One of the ideas behind such combative work, the artist says, is to contemplate our reliance on these devices and our sense of abandonment when they stop working. “What percentage of yourself do you lose,” he asks, when your computer, smartphone or DVR fails?
But [dNASAb], like most of us, has a complicated relationship with electronic gizmos. He doesn’t merely want to punish them for their inadequacies or dissect them to see what will happen. He also transforms them into something beautiful. Some of the pieces shape plastics, resins and fiber optics to suggest birds, insects and flowers. Reconfigured, the factory-made gear seems almost ethereal, a sense that’s magnified by hanging some of the finished pieces from the ceiling, so they appear to be hovering.
Sometimes, the artist’s work competes with nature: The multicolored “LCDblossom_Phospherescent Polyp” uses silicon that absorbs the light that the piece emits; when the construction is unplugged, the stored light glows like a tiny sun. In a series of large digital C-prints, [dNASAb]’s sculpture challenges the ocean. Photographed at North Carolina’s Outer Banks, these images of “Emergent Ecological Technologies” show waves crashing on LED-illuminated assemblages. (That’s not obvious from the photos, which were shot at night, and appear simply to be abstract compositions of dark, motion and artificial light.) [dNASAb] plans another series of such photos, this time underwater.

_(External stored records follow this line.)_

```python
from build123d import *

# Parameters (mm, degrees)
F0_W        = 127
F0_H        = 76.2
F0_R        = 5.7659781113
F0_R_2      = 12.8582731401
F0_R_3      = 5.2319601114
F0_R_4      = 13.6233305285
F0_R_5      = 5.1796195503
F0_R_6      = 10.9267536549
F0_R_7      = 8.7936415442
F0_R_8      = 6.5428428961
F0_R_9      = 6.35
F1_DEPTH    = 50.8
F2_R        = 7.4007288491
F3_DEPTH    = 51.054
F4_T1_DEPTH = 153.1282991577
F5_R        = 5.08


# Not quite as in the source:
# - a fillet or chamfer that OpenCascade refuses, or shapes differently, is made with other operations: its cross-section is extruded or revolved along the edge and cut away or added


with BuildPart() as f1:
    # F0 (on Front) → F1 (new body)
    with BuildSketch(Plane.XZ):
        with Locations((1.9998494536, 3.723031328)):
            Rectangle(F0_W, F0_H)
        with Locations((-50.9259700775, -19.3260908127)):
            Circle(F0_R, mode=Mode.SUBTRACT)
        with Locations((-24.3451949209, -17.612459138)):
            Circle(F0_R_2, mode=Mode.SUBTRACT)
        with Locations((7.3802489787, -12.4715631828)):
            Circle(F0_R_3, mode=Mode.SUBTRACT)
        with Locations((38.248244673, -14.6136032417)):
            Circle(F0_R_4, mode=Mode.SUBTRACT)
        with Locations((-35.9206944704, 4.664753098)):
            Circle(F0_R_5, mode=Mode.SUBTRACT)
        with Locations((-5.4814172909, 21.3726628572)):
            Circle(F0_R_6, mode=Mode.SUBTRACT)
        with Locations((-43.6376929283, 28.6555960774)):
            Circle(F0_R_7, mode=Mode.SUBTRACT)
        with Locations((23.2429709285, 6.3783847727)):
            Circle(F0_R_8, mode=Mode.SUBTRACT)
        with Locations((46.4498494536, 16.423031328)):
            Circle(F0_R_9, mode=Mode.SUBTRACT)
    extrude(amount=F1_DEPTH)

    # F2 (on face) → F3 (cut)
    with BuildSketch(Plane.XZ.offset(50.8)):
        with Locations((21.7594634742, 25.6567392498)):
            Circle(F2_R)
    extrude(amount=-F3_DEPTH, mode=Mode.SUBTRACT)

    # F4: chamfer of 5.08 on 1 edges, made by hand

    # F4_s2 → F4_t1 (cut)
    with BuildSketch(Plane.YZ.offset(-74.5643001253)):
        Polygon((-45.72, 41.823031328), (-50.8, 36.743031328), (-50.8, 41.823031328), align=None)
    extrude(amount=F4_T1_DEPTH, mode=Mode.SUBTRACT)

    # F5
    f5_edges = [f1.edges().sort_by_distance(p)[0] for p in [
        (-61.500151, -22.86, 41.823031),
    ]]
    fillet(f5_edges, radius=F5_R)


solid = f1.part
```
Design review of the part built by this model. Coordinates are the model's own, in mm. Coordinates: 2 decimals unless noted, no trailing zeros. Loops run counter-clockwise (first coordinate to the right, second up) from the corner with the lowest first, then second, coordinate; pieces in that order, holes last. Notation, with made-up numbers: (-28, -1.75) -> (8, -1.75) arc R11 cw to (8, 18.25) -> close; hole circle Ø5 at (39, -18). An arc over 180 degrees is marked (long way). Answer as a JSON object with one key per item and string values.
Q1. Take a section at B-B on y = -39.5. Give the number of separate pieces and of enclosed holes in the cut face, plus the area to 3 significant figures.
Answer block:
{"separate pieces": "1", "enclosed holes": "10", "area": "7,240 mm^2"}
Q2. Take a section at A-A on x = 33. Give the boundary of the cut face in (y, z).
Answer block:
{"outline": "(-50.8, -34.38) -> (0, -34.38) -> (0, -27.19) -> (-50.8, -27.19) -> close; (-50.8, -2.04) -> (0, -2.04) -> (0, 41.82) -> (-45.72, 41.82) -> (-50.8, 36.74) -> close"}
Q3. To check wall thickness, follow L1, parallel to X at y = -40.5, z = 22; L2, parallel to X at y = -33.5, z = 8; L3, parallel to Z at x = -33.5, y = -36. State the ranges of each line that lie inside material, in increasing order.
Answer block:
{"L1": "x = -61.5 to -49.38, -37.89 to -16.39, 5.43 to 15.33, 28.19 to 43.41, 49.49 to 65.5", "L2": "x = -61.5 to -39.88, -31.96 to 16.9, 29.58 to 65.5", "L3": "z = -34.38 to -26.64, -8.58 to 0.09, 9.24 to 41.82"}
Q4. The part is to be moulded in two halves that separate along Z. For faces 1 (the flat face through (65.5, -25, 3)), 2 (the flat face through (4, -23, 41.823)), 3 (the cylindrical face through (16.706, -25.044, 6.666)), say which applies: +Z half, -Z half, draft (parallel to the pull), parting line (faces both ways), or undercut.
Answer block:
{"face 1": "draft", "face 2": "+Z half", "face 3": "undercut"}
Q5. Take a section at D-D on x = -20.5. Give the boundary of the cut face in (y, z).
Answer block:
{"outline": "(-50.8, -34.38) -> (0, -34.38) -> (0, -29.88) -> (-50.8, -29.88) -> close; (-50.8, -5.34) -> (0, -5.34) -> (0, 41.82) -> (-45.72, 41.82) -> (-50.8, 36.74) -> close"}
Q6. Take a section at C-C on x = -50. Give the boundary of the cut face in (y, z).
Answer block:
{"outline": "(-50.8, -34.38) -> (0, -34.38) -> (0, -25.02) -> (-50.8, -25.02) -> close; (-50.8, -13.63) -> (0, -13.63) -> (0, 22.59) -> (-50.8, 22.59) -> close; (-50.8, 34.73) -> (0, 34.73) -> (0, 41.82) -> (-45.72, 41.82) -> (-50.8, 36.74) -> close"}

Although he has a sculpture and mixed-media MFA, [dNASAb] is self-taught in electronics and uses off-the-shelf technology. One of his inspirations is Nam June Paik, the Korean-born American artist who’s the subject of a current show at the National Gallery’s East Building Tower. Paik was among the first artists to recognize the possibilities of the cathode ray tube, and stacked multiple TV screens to build works of kinetic sculpture. But his work looks tidy next to [dNASAb]’s, and is based on technologies that seem quaint.

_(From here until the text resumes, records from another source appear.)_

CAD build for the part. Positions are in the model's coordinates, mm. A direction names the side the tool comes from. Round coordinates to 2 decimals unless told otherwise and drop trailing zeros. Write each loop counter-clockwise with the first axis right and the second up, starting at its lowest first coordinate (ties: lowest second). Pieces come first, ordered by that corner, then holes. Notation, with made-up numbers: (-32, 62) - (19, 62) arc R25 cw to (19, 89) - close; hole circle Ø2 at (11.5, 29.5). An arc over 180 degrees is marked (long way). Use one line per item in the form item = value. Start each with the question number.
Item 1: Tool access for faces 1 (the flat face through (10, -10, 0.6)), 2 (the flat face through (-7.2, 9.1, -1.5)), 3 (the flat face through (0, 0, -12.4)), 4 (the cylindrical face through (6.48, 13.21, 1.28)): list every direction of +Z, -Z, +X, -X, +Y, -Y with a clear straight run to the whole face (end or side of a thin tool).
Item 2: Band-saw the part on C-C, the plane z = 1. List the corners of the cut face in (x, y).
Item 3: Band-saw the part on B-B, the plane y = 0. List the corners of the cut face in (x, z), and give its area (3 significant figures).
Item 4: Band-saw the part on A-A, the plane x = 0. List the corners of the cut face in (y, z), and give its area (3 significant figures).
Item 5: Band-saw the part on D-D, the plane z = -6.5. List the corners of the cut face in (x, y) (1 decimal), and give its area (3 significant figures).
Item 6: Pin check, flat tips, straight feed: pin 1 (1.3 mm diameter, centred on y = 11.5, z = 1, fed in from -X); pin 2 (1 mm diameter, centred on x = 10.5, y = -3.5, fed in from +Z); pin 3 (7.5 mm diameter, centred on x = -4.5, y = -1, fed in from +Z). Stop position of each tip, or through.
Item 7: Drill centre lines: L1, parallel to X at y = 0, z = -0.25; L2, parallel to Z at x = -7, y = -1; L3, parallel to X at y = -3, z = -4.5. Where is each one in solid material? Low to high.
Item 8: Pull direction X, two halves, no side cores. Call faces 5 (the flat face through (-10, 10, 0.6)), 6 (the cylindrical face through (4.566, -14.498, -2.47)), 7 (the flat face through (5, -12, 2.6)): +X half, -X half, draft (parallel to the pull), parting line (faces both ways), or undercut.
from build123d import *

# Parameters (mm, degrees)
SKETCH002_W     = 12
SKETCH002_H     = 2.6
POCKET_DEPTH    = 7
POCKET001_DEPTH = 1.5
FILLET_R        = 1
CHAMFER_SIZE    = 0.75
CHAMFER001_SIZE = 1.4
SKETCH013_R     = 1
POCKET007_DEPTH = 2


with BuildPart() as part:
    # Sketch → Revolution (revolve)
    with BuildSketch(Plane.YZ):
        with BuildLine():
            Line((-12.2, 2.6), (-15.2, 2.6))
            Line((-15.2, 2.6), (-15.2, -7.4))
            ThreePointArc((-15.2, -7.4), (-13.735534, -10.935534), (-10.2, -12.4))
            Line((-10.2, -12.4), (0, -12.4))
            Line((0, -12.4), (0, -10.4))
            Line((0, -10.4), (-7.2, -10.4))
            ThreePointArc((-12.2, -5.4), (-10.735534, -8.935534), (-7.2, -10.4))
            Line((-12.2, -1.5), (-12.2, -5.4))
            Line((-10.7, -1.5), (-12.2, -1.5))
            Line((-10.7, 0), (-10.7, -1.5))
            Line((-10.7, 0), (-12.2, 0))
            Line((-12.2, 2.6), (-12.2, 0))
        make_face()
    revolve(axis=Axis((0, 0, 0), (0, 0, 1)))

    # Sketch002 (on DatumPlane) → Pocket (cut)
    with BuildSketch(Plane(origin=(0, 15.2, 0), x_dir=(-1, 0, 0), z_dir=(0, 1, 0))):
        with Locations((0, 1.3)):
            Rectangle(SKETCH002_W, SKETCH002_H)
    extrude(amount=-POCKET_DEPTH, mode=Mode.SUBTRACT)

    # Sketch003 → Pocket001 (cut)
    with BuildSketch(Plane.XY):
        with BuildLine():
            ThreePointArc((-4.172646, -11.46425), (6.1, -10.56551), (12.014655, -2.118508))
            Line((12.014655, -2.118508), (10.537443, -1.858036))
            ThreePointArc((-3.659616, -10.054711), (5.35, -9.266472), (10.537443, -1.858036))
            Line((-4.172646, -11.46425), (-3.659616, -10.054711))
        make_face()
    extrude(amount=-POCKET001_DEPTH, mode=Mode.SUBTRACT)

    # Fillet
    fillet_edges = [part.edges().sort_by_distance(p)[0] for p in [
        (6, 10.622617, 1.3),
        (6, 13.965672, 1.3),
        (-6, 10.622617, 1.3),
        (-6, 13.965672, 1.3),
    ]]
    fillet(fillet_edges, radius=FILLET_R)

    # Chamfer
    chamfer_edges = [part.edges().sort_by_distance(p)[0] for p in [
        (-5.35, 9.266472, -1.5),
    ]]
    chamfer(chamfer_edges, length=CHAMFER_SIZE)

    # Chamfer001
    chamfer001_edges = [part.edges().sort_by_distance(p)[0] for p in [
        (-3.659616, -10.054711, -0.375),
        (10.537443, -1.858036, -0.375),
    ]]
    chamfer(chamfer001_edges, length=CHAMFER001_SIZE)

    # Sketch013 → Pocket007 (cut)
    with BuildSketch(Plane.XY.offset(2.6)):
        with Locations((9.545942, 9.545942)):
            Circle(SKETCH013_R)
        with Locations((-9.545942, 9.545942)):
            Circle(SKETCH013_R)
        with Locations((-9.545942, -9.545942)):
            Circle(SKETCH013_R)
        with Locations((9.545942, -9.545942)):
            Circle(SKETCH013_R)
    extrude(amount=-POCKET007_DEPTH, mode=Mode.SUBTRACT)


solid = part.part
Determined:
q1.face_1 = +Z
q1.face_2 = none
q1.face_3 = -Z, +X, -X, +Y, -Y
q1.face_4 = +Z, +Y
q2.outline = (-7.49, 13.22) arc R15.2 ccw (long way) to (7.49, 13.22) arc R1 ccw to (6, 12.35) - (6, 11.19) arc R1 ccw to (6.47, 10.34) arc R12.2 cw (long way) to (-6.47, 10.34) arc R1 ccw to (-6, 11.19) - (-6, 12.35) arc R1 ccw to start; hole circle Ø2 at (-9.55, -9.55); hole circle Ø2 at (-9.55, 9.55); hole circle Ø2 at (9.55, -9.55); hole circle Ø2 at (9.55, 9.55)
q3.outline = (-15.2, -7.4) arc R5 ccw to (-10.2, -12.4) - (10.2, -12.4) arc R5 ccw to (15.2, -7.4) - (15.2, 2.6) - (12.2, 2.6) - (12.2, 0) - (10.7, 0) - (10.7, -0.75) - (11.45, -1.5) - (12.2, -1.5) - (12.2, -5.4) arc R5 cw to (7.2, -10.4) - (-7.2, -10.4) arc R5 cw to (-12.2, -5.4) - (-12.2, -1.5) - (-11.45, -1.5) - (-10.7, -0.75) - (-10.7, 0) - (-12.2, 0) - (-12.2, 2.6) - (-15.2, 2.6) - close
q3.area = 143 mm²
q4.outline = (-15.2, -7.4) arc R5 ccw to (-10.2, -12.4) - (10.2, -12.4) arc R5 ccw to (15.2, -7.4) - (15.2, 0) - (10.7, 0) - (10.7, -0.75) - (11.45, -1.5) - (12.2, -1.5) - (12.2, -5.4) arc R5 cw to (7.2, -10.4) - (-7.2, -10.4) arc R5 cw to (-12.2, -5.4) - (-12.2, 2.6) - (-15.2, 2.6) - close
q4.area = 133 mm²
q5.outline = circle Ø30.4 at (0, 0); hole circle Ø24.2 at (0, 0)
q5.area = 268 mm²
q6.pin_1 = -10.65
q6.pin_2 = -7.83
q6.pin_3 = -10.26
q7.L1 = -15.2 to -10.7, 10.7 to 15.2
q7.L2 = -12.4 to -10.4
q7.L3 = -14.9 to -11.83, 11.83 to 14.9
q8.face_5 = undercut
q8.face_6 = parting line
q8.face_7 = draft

Given its appetite for destruction, [dNASAb]’s art seems closer in spirit to Jean Tinguely and the Ant Farm. The former, a Swiss artist with roots in the Dada movement, built “metamachanic” sculptures that were designed to destroy themselves. The latter, a California design collective, staged a 1975 performance piece that involved driving a Cadillac through a wall of burning TV sets. The Farm is probably best known for “Cadillac Ranch,” a row of half-buried cars that followed the angle of the Great Pyramid of Giza. (From Cadillacs to iPads is not such a long trip, since Apple emulates the old Detroit paradigm of marketing quickly obsolescent products designed to be replaced by next year’s model.)